90 anos entre um tiro e uma facada
Alceu A. Sperança
Sob a comoção geral causada pelo esfaqueamento do então candidato favorito à Presidência, Jair Bolsonaro, o Brasil de 2018 por um breve momento se uniu contra a loucura causada pela polarização irracional, baixos instintos que sufocam a política, arte superior das relações humanas. Nove décadas antes dessa facada, em 1928, um amor transformado em ódio alcançou um presidente em pleno exercício do cargo.
Até ser baleado, Washington Luís Pereira de Sousa produziu um currículo simplesmente espetacular. Fluminense, formado em Direito em São Paulo, despontou como intendente (prefeito) de Batatais (SP) ao promover uma pioneira experiência de Reforma Agrária.
Como secretário da Segurança de São Paulo, criou a base da Polícia Militar. Era a "polícia sem política": não aceitava ingerências externas nas nomeações de delegados. Deu início ao sistema penitenciário paulista e às ações de inteligência no país. Seu lema era "Não prender sem motivo". Prefeito de São Paulo em 1914, enfrentou a Primeira Guerra Mundial e a mãe de todas as greves brasileiras, em 1917, mais a Gripe Espanhola no ano seguinte, assumindo o governo de São Paulo em 1920.
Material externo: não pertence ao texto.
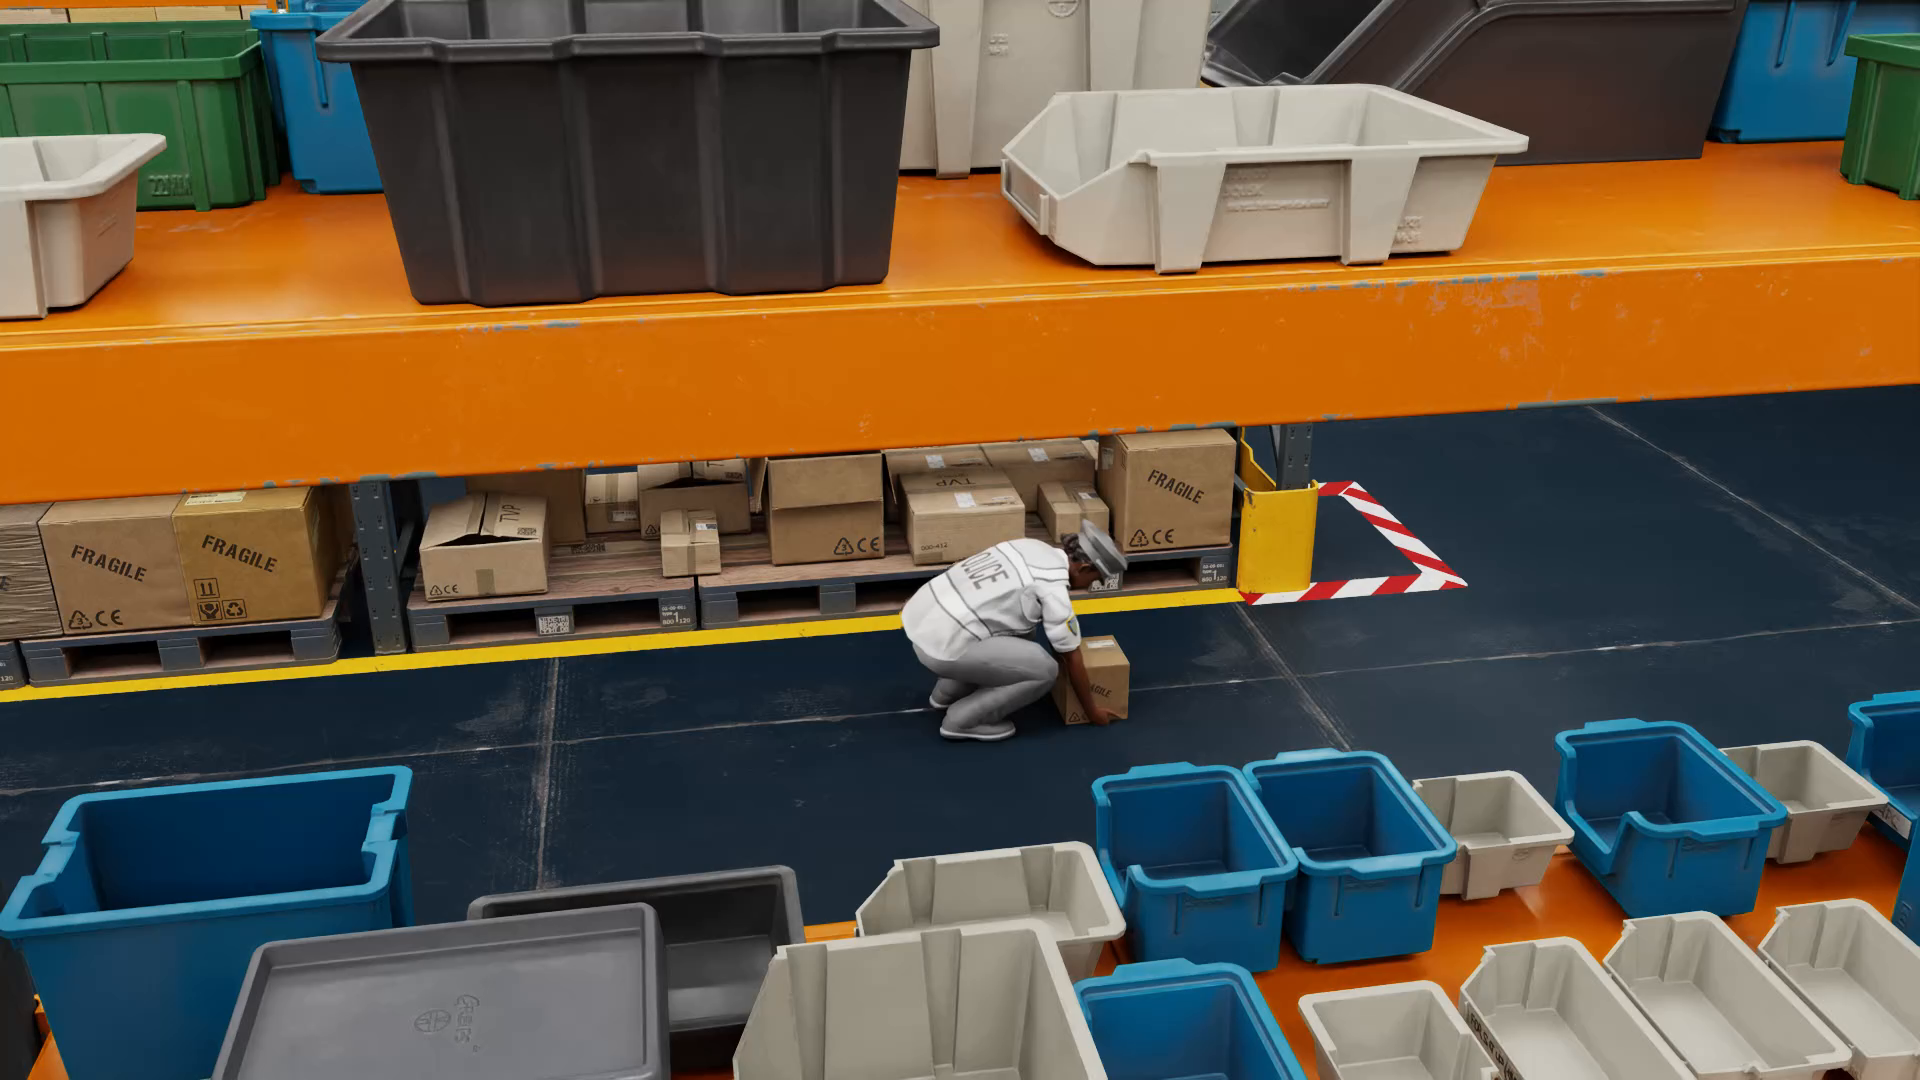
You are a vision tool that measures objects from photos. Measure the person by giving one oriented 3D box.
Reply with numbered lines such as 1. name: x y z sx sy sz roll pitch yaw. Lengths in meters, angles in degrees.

Amante do automobilismo e obcecado pela construção de estradas (governar seria construí-las), era odiado pelas elites conservadoras por... construir estradas! Intelectual progressista, viu-se fustigado pelos inimigos que o chamavam de "General Estrada de Bobagem", trocadilho com "Estrada de Rodagem". Em sua defesa veio outro intelectual: Monteiro Lobato atribuía o desenvolvimento dos EUA à sua enorme rede rodoviária. Assim fortalecido, Washington Luís foi o presidente que iniciou a BR-277, em 1927. Depois dele, a obra foi várias vezes interrompida e só se completou em 1969.
Feito extraordinário jamais igualado, WL em 1º de março de 1926 se elege com o maior percentual de votos obtido por um candidato à presidência: 99,86% dos sufrágios, contra o general Assis Brasil. Atacado pela elite mais conservadora, também não escapou de ser difamado entre os trabalhadores por sua história na repressão policial no governo paulista, quando lhe foi atribuído o lema "Questão social é questão de polícia", que hoje parece estar de volta à cena.
Aí o inesperado acontece: é baleado no Hotel Copacabana Palace. Era o dia 23 de maio de 1928. O atentado foi cometido pela amante, a marquesa italiana Elvira Vishi Maurich, 28. A versão oficial era de que o presidente foi internado com apendicite. Horas depois a marquesa foi achada morta, supostamente por suicídio. Um amor que virou ódio liquidava a mais luminosa história de um homem na Presidência da República.
O que veio depois completa a tragédia pessoal: em outubro de 1930 é derrubado da Presidência por um golpe militar. É preso e vive o exílio nos EUA e Europa, regressando com a redemocratização, em 1947, mas já sem qualquer ação política. Tudo o que um brasileiro poderia fazer nela ele já havia feito. Morreu dez anos depois.